More Injuries Occur Near Tourist Attractions and Subway Stops


Hypothesis

I hypothesize that there are more injuries in places where pedestrians congregate. 2 examples of these in New York City are around tourist attractions such as museums and subway stops. As a preliminary analysis I look at the density of traffic injuries in Manhattan, taken from the NYPD motor collisions dataset, at points with 3 or more injuries. On this overlay, the locations of subway stations, and popular tourist attractions using the Google Places API.



By plotting on the map it is difficult to tell whether exactly there is a higher density of injuries near tourist attractions or subway stops. To this question I calculated the distance from the location of an injury to either the closest subway stop, or the closest tourist attraction. To determine statistical signifcance I repeated the analysis with uniform random locations, and compared the two distributions.

Random locations in Manhattan were determined by taking a random uniform distribution or latitude and longitude points in the general new york area (latitude: [40.695, 40.88], longitude: [-74.025, -73.9]), and determining whether they lie in Manhattan borough boundaries using a shapefile of New York City boundaries. If so the location was added to the distribution, and a uniform random distribution of longitude and latitude points was obtained that only lie in the Manhattan boundary.


Switch between the Places of interest in the app below to switch between distances to 'Subway' or 'Tourist attraction'.



There is a statistical signicance between the distributions so we can reject the null hypothesis that the distance to the closest tourist attraction or subway stop is independent.
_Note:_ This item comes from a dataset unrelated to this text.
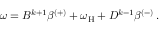<formula> <loc_0><loc_0><loc_500><loc_500>\begin{array} { r } { \omega = B ^ { k + 1 } \beta ^ { ( + ) } + \omega _ { H } + D ^ { k - 1 } \beta ^ { ( - ) } \, . } \end{array}</formula>

Interestingly we see a small peak at large distances from subway stops or tourist attractions which occurs because of large areas such as Randalls island that are geographically isolated. Also, the mean distance to the closest subway stop is less than to the closest tourist attraction, which means subway stops are more evenly distributed than tourist attractions.


What's Next

Google places API, radar search outputs many search results (upto 200), but with little detail in each result. The nearby search function only out outs 20, but with more detail. To continue this project further I would obtain use the nearby function and attempt to classify the types of business in the area. For example, areas that have high concentrations of bars, such as the east Village, may harbor many pedestrian injuries on Friday and Saturday nights. Alternatively, areas with high concentration of banks, such as midtown Manhattan, may harbor many pedestrian injuries on weekdays, during the daytime. The type of business would act as a feature in my machine learning model.

Other areas in New York City that pedestrians may congregate are parks, and I anticipate that the boundaries of parks have more pedestrian injuries than average.

Overall, such features may increase the accuracy of my machine learning model, and suggest methods to achieve Vision Zero in New York City.